How evil can one man possibly be? I really need to start getting out.
Still I have a very imaginative mind...and I sincerly hope you have leather furniture.
:)

Seven said...

Italian leather couches in the main room. Sometimes I stick to it which isn't too great. My backyard and pool are private with an 8' fence so summer is very casual around here if you know what I mean. BEG is more natural even than me. I don't think she has worn a swimsuit in ten years. As far as how evil? In my individual case.....hmmmm.......I report, you decide. Hint: It might be a good idea to bring me up to your prayer group. Maybe I can join up with Mr. and Mrs.
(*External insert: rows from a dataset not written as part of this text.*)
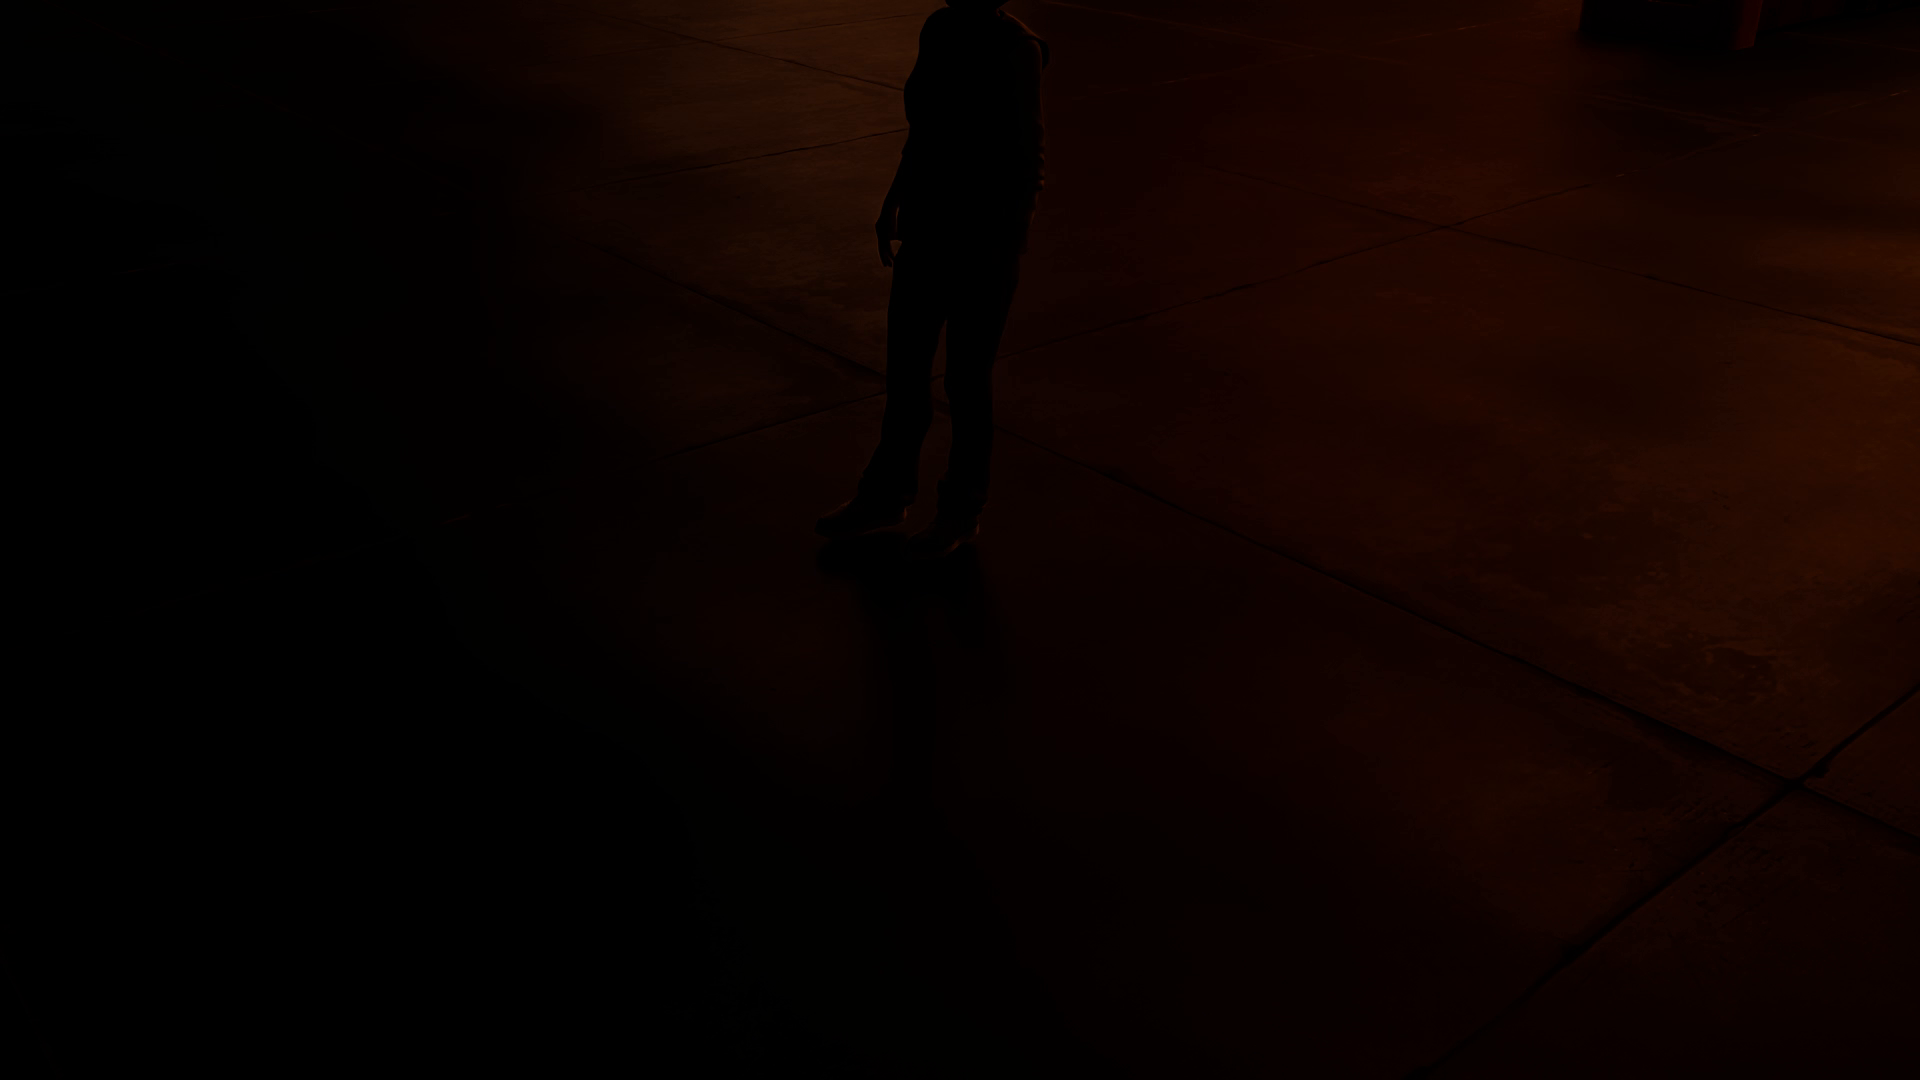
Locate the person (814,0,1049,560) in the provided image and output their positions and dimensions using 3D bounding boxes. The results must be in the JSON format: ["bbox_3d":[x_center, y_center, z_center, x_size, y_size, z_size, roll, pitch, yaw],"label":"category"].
[{"bbox_3d":[-0.066,-0.706,4.110,0.473,1.599,0.520,-20,33,-35],"label":"person"}]
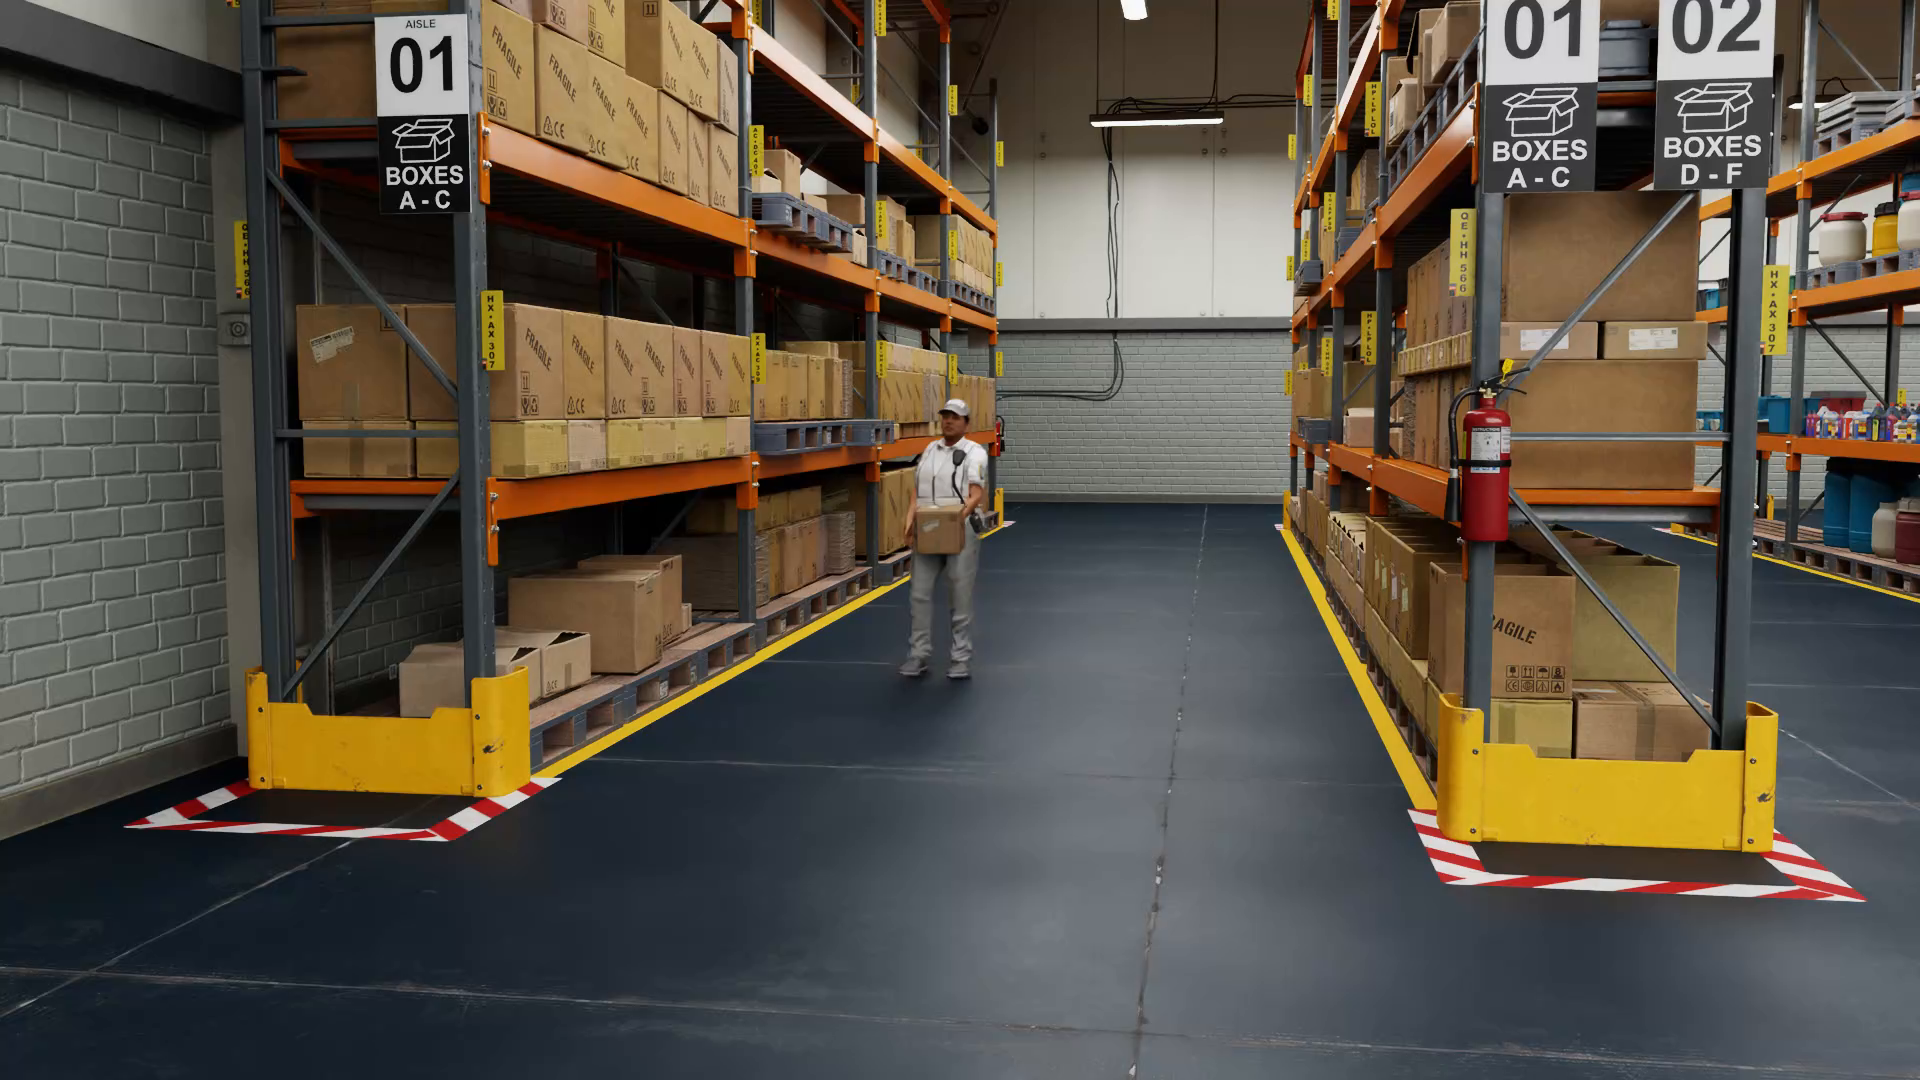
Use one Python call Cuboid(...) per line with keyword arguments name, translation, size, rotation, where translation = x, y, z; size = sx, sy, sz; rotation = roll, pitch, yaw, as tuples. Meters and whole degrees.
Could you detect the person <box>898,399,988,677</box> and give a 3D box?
Cuboid(name="person", translation=(-0.099, -0.015, 10.037), size=(0.486, 1.670, 0.497), rotation=(3, 5, 30))
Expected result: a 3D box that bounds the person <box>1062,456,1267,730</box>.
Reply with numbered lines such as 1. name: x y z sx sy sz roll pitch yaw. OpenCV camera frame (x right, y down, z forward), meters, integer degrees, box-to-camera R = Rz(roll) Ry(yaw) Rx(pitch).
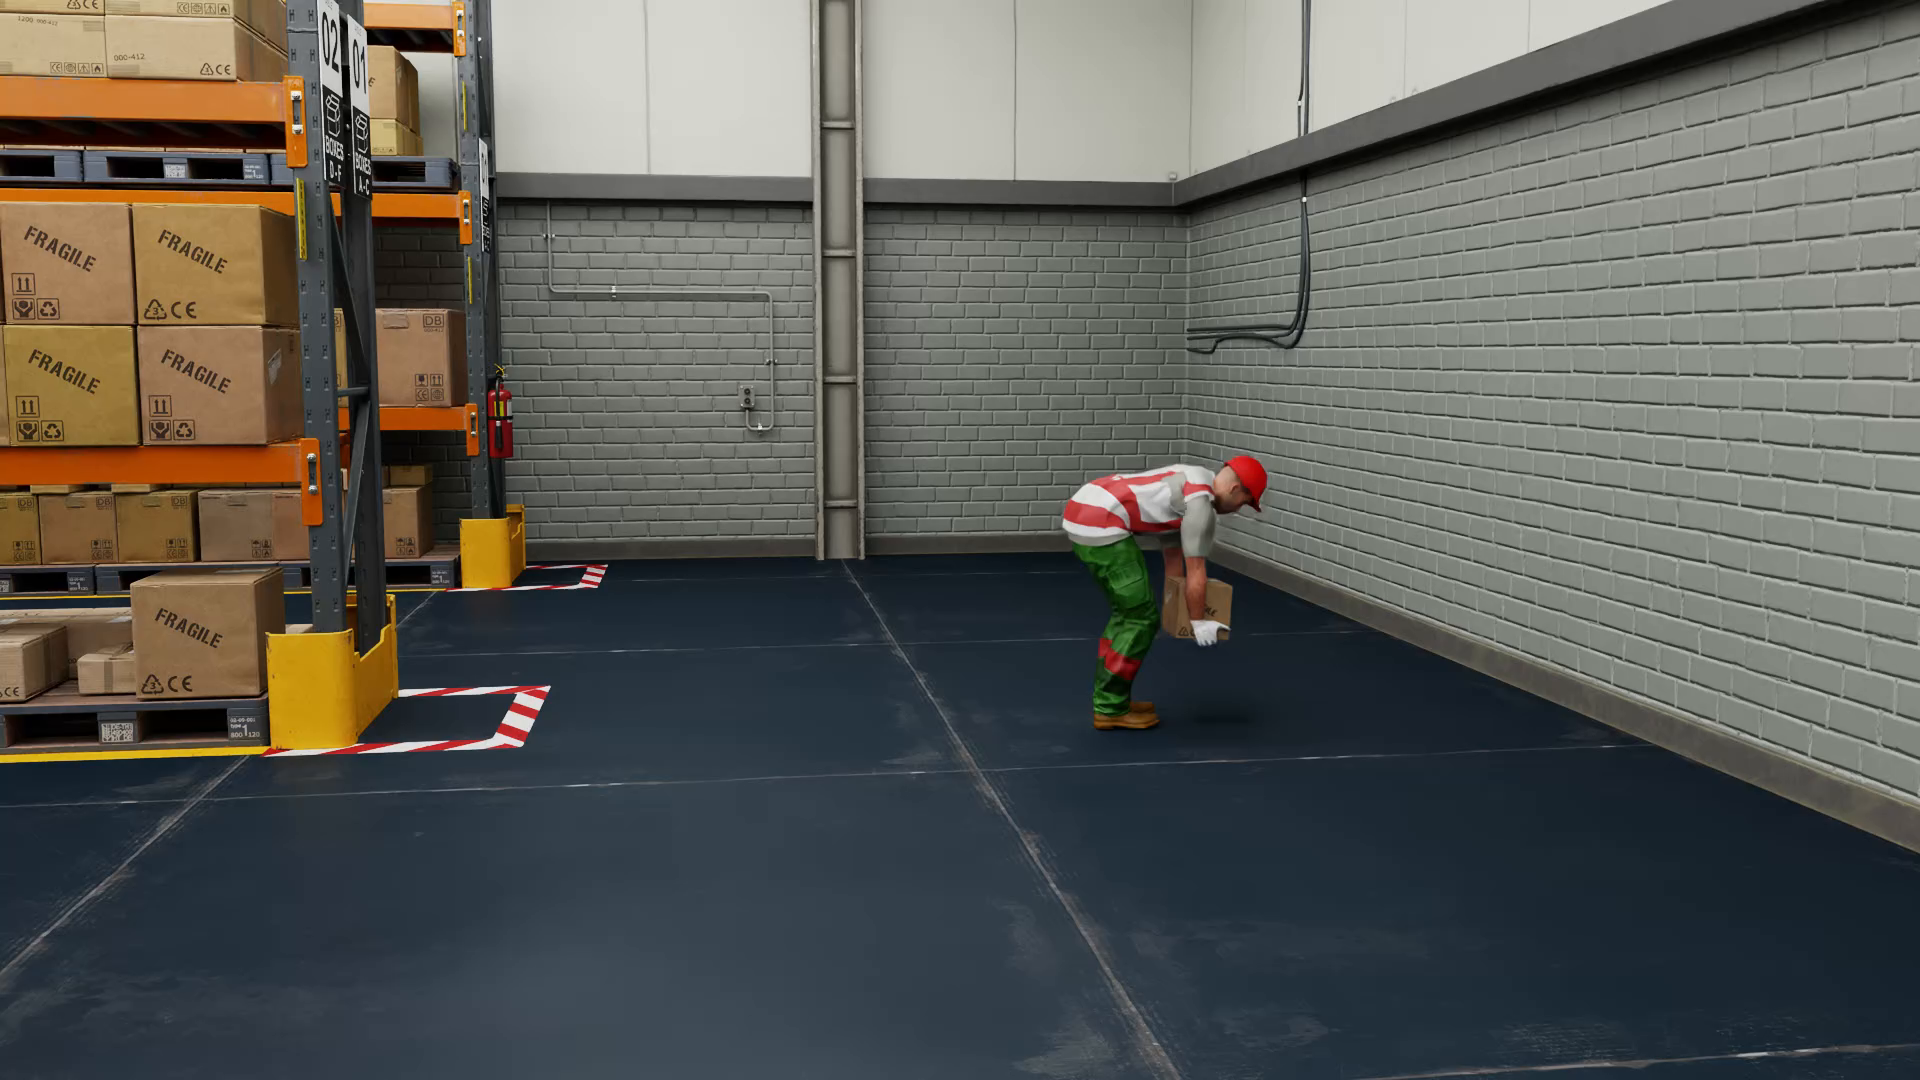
1. person: 0.946 0.227 7.620 0.949 1.218 0.486 -1 7 -10
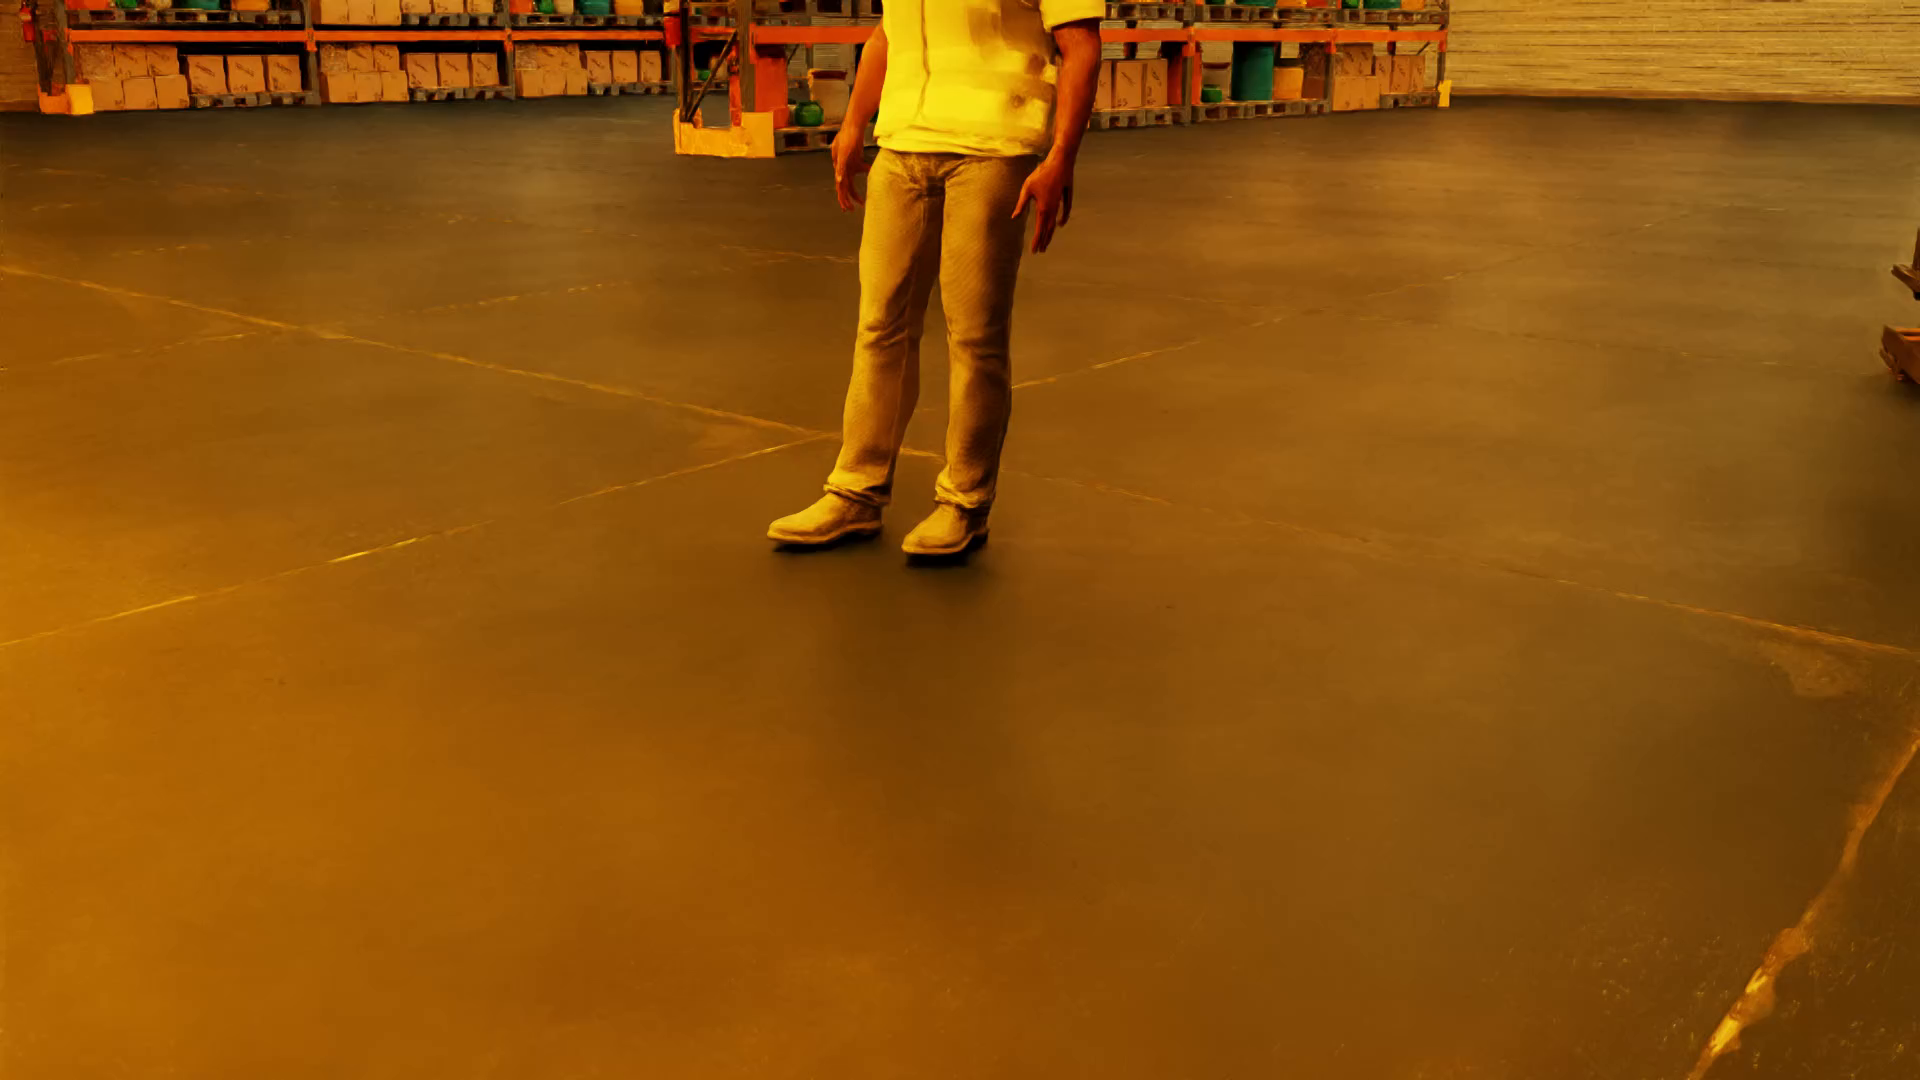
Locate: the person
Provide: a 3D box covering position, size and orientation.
[{"bbox_3d":[-0.049,-0.837,3.635,0.665,1.766,0.576,13,21,37],"label":"person"}]

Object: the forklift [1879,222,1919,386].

Roberts up at the university in Oklahoma, where the wind comes sweeping down the plains. They seem to be having a lot of fun!

Seven said...

Just as a footnote, I understand that Mr. Roberts doesn't allow Mrs. Roberts to go out with her young boyfriends until the boys have finished their homework. There have to be SOME rules you know.

kathi said...

I don't know about any Roberts in Oklahoma, so who are they and how are they having a lot of fun? Acutally, I'm a tad afraid to ask, lol. And I'm not in a prayer group, just me...but I'm a powerball of faith. ;)

Honestly, the more I learn about BEG, the more I love her.

Lynilu said...

I'm just relieved. And, yes, I know that is a foolish emotion to have at this time, because it ain't over till it's over.